Tanzen für ewige Zeiten
[372] Tanzen für ewige Zeiten. In den zwanziger Jahren des 10. Jahrhunderts befand sich Kaiser Heinrich I. von seinem Herzogthume Sachsen aus auf einer Inspectionsreise durch die zweite sorbische Grenzmark, die Uferlandschaften der weißen Elster und der Saale. Die Irmensäulen der heidnischen Sorben waren längst gestürzt, und auf den Stätten vieler ehemaligen heiligen Haine erhoben sich längs der Grenzmark die kaiserlichen Zwing-, Trutz- und Schutzburgen, von welchen aus die kaiserlichen Vögte die Marken regierten. In seinem innersten Fühlen und Empfinden war indeß das Volk noch vielfach heidnisch, und so wie es das kaiserliche Regiment nur ungern ertrug, so fügte es sich auch nur ungern dem Zwange des Christenthums. Nicht selten fiel es sogar direct in die alten heidnischen Gebräuche zurück und dies besonders, wenn ein Tag herankam, an welchem die Vorfahren zu Ehren des einen oder andern der heidnischen Götter ein heiteres Fest gefeiert hatten. An solchen Tagen wurde die ganze mühsam eingeimpfte christliche Anschauung total vergessen, und die heiteren Klänge alter heidnischer Gesänge begeisterten Jugend und Alter zu ausgelassenen Festen, in denen sie sich voll und ganz den poesiereichen Ueberliefernngen einer sagen- und freudereichen Vergangenheit hingaben, den nicht selten zwingenden Verhältnissen der Gegenwart aber nur wenig oder garnicht Rechnung trugen.
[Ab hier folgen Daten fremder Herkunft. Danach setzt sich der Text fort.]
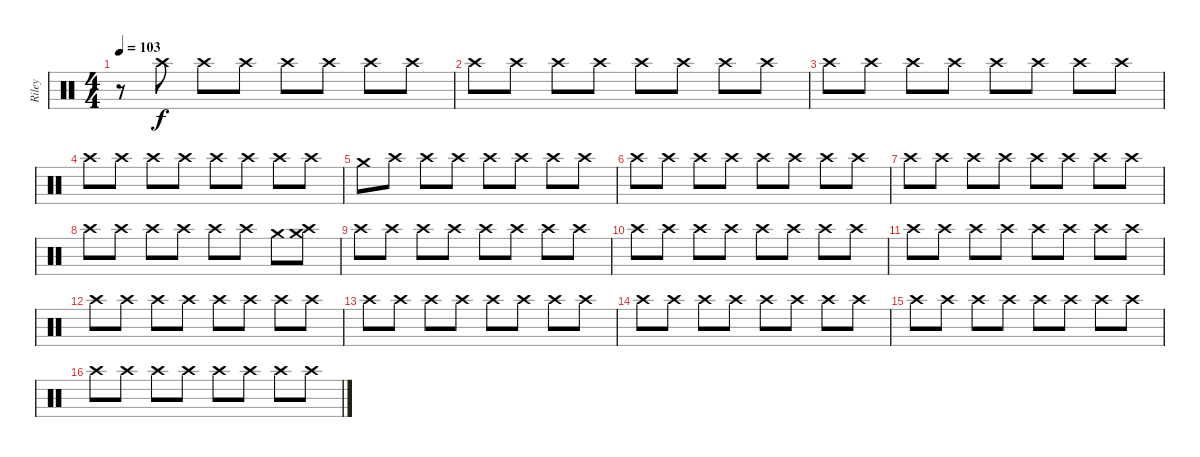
\track ("Riley" "Riley") {instrument percussion}
\staff {score}
\articulation defaults
\ts (4 4)
\tempo 103
\clef neutral
\ks c
r.8{dy f} "Crash high (hit)".8 "Crash high (hit)".8 "Crash high (hit)".8 "Crash high (hit)".8 "Crash high (hit)".8 "Crash high (hit)".8 "Crash high (hit)".8 |
"Crash high (hit)".8 "Crash high (hit)".8 "Crash high (hit)".8 "Crash high (hit)".8 "Crash high (hit)".8 "Crash high (hit)".8 "Crash high (hit)".8 "Crash high (hit)".8 |
"Crash high (hit)".8 "Crash high (hit)".8 "Crash high (hit)".8 "Crash high (hit)".8 "Crash high (hit)".8 "Crash high (hit)".8 "Crash high (hit)".8 "Crash high (hit)".8 |
"Crash high (hit)".8 "Crash high (hit)".8 "Crash high (hit)".8 "Crash high (hit)".8 "Crash high (hit)".8 "Crash high (hit)".8 "Crash high (hit)".8 "Crash high (hit)".8 |
"Crash medium (hit)".8 "Crash high (hit)".8 "Crash high (hit)".8 "Crash high (hit)".8 "Crash high (hit)".8 "Crash high (hit)".8 "Crash high (hit)".8 "Crash high (hit)".8 |
"Crash high (hit)".8 "Crash high (hit)".8 "Crash high (hit)".8 "Crash high (hit)".8 "Crash high (hit)".8 "Crash high (hit)".8 "Crash high (hit)".8 "Crash high (hit)".8 |
"Crash high (hit)".8 "Crash high (hit)".8 "Crash high (hit)".8 "Crash high (hit)".8 "Crash high (hit)".8 "Crash high (hit)".8 "Crash high (hit)".8 "Crash high (hit)".8 |
"Crash high (hit)".8 "Crash high (hit)".8 "Crash high (hit)".8 "Crash high (hit)".8 "Crash high (hit)".8 "Crash high (hit)".8 "Crash medium (hit)".8 ("Crash high (hit)" "Crash medium (hit)").8 |
"Crash high (hit)".8 "Crash high (hit)".8 "Crash high (hit)".8 "Crash high (hit)".8 "Crash high (hit)".8 "Crash high (hit)".8 "Crash high (hit)".8 "Crash high (hit)".8 |
"Crash high (hit)".8 "Crash high (hit)".8 "Crash high (hit)".8 "Crash high (hit)".8 "Crash high (hit)".8 "Crash high (hit)".8 "Crash high (hit)".8 "Crash high (hit)".8 |
"Crash high (hit)".8 "Crash high (hit)".8 "Crash high (hit)".8 "Crash high (hit)".8 "Crash high (hit)".8 "Crash high (hit)".8 "Crash high (hit)".8 "Crash high (hit)".8 |
"Crash high (hit)".8 "Crash high (hit)".8 "Crash high (hit)".8 "Crash high (hit)".8 "Crash high (hit)".8 "Crash high (hit)".8 "Crash high (hit)".8 "Crash high (hit)".8 |
"Crash high (hit)".8 "Crash high (hit)".8 "Crash high (hit)".8 "Crash high (hit)".8 "Crash high (hit)".8 "Crash high (hit)".8 "Crash high (hit)".8 "Crash high (hit)".8 |
"Crash high (hit)".8 "Crash high (hit)".8 "Crash high (hit)".8 "Crash high (hit)".8 "Crash high (hit)".8 "Crash high (hit)".8 "Crash high (hit)".8 "Crash high (hit)".8 |
"Crash high (hit)".8 "Crash high (hit)".8 "Crash high (hit)".8 "Crash high (hit)".8 "Crash high (hit)".8 "Crash high (hit)".8 "Crash high (hit)".8 "Crash high (hit)".8 |
"Crash high (hit)".8 "Crash high (hit)".8 "Crash high (hit)".8 "Crash high (hit)".8 "Crash high (hit)".8 "Crash high (hit)".8 "Crash high (hit)".8 "Crash high (hit)".8

Ein solches Fest fand auch eben statt, als Kaiser Heinrich I. das Land bereiste und zu Pfingsten in die Nähe des Marktfleckens Langenberg (Kreis Gera) kam. Die Bewohner gaben sich in dem heiligen Haine auf dem Hausberge in lautem Jubel der Lust eines gottesdienstlichen Tanzes zu Ehren des sorbenwendischen Liebesgottes Liko hin und achteten es wenig, als ihnen von der Nähe des Kaisers Kunde ward. Ja, auch als der Kaiser ihnen Botschaft schickte, er sitze mit seinem Reisezuge drunten im Thale im Moraste der Heerstraße fest und gebiete seinen Unterthanen, unverweilt in ihre Dorfschaften zu eilen und Zugthiere herbeizubringen, damit er seine Reise fortsetzen könne, – auch da ließen sie sich in ihrem Feste noch lange nicht stören, sondern schickten einfach dem Kaiser die Antwort: Sie könnten nicht kommen; sie hätten all’weil zu tanzen! Es wird nicht erzählt, wie der Kaiser diese Antwort im ersten Augenblicke aufgenommen hat, wohl aber, welchen Bescheid er den Tanzenden endlich zurücksagen ließ, und dieser war jedenfalls wohlüberlegt.
„Wohl,“ so lautete er, „wenn sie heute tanzen wollen, so sollen sie vom nächsten Jahre an bis in alle Ewigkeit tanzen zur Frohn!“
Und so kam es. Der heidnische Opfertanz wurde umgewandelt in einen christlichen Tanz an Gerichtsstelle, der Rolandssäule zu Langenberg. An Stelle der heidnischen Priester saßen an der Säule nun die kaiserlichen Richter, deren jüngster den Tanz eröffnete. Der Landrichter von Gera führte in Amtskleidung den Vorsitz, ihm zur Seite saßen die Gerichtsschöffen von Langenberg und den umliegenden Dörfern. Der Gerichtsplatz war durch die bewaffnete Mannschaft Langenbergs abgesperrt; die Namen der Tanzpflichtigen wurden zu Anfang des Tanzes durch einen Actuar feierlich verlesen. H. M.